One of my modules this semester is looking at “computer-assisted approaches to text analysis”. Or at least that is the module overview says. In reality, we are looking at research questions in the humanities and how digital methods for text analysis and corpus linguistics can help us answer them.

From the first two seminars, the idea that has stuck with me is that most humanities research does not go beyond forming a hypothesis. If we take a scientific approach (as digital humanities borrows a lot form computer science, this isn’t difficult), we can read a history or English research paper as an exploratory discussion of the topic. However, the conclusion often does not beyond what we have discovered through the course of this discussion.

Why is textual analytics different? The main reason, and the one I am interested in, is that we can look at a larger sample of data by using computers. We can compare different elements of multiple texts, allowing us to understand them quantitatively as well as qualitatively.

For example, my chosen thesis topic is on how the presentation of Sir Gawain changes in Arthurian literature and film. I could just use a close reading approach but this would be largely reliant on my own interpretation of the texts and small samples of data. In other words, qualitative research. If I use digital methods, I can compare the frequencies of adjectives related to Sir Gawain within each texts. This will allow me to demonstrate how Sir Gawain’s identity has changed through time, making my research quantitative.

Why add this quantitative element to humanities research? By adding an analytical aspect to research, humanities researchers can prove their hypothesis instead of relying on their own intuition and interpretation.

DH Project Conclusion

I have handed in all four essays from last semester! So, having abandoned this blog for a few weeks, I’m now back to sharing my thoughts on the world of digital humanities once a week.

It also means that I reached a conclusion on my 1 Chronicles project for Introduction to Digital Humanities. After a lot of frustration, I ended up focusing on messy data and whether specific chapters in 1 Chronicles could be considered “messy”. It was not an easy topic by any means but I did reach ac conclusion.

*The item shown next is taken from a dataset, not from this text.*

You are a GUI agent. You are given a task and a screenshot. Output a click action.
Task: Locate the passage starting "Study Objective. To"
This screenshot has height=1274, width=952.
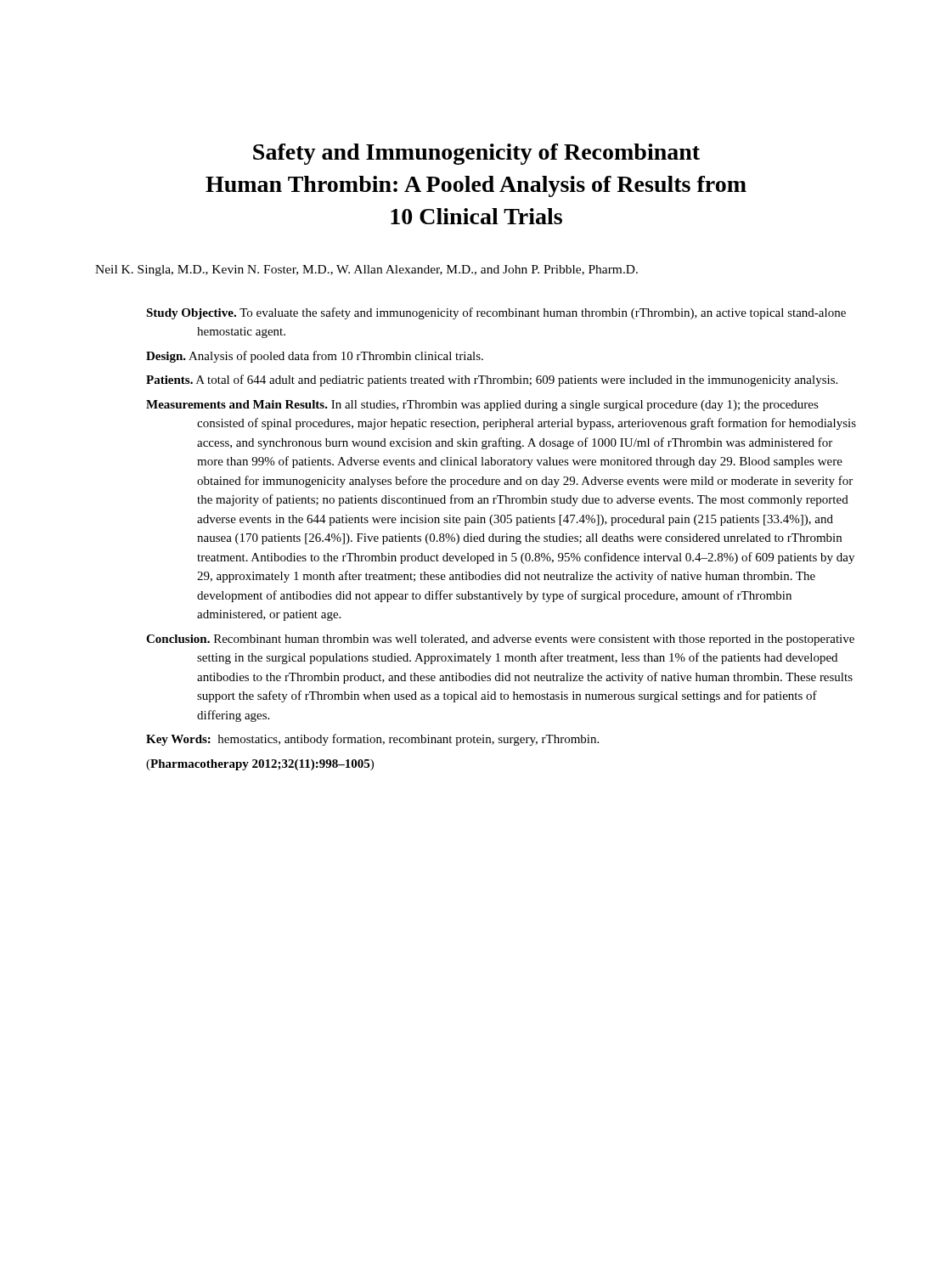coord(501,322)

As far as the genealogy lists in 1 Chronicles 1-9 are concerned, whether the data is messy or not is in relation to the methods and tools being used. Though it seems obvious now, it really didn’t feel obvious at the time.

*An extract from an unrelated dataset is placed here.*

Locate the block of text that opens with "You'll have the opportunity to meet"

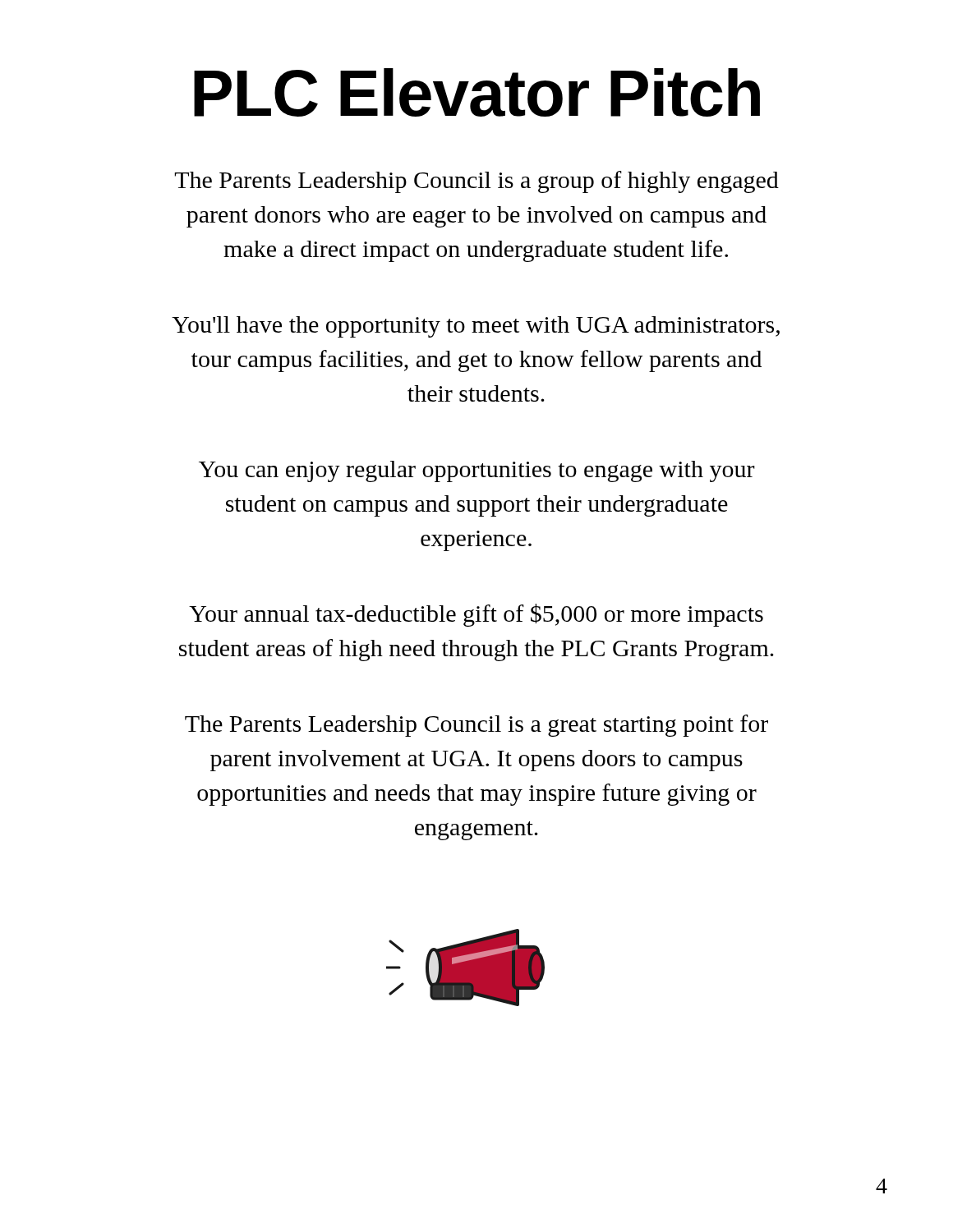(476, 359)

It’s not a groundbreaking conclusion but it introduced me to the trials and tribulations of digital textual analysis. It also showed me the fun and interesting side (yes, I said that) to digital humanities. I’m even looking forward to the textual analysis module next term!

DH Project : Messy Data with Stylistic Impact?


Rolling Delta comparing 2 Chronicles with the whole of 1 Chronicles, 1 Chronicles 1-9 (genealogies), and 1 Chronicles 10-29 (narrative).


Dendrogram showing how the six books I have been analysing cluster according to most frequent words used. 

I have finally decided on a question for my project on 1 Chronicles. I’m still not sure how I felt about beginning my research without a question to shape it but that is a discussion for another day.

I have decided to look at whether the first nine chapters of 1 Chronicles, the genealogical lists, should be considered messy data. The reason for this is that my rolling deltas and dendrograms have suggested different interpretations. As you can see from the dendrogram, removing the genealogies from the narrative in 1 Chronicles makes little difference to the most frequent word count. In fact, going on the dendrogram alone, you could challenge the traditional assumption that the author of 1 and 2 Chronicles was the same person.

However, the rolling delta suggests that the genealogies do have an impact on the stylistic similarities of 1 Chronicles with 2 Chronicles. Where the genealogies are removed, the narrative’s similarity to 2 Chronicles increases to the extent that there are sections where the style is almost identical.

It is the difference between these two methods that has led me to question whether these lists do have a relevant impact on 1 Chronicles’ style. And if it does have an impact, does this make it messy data?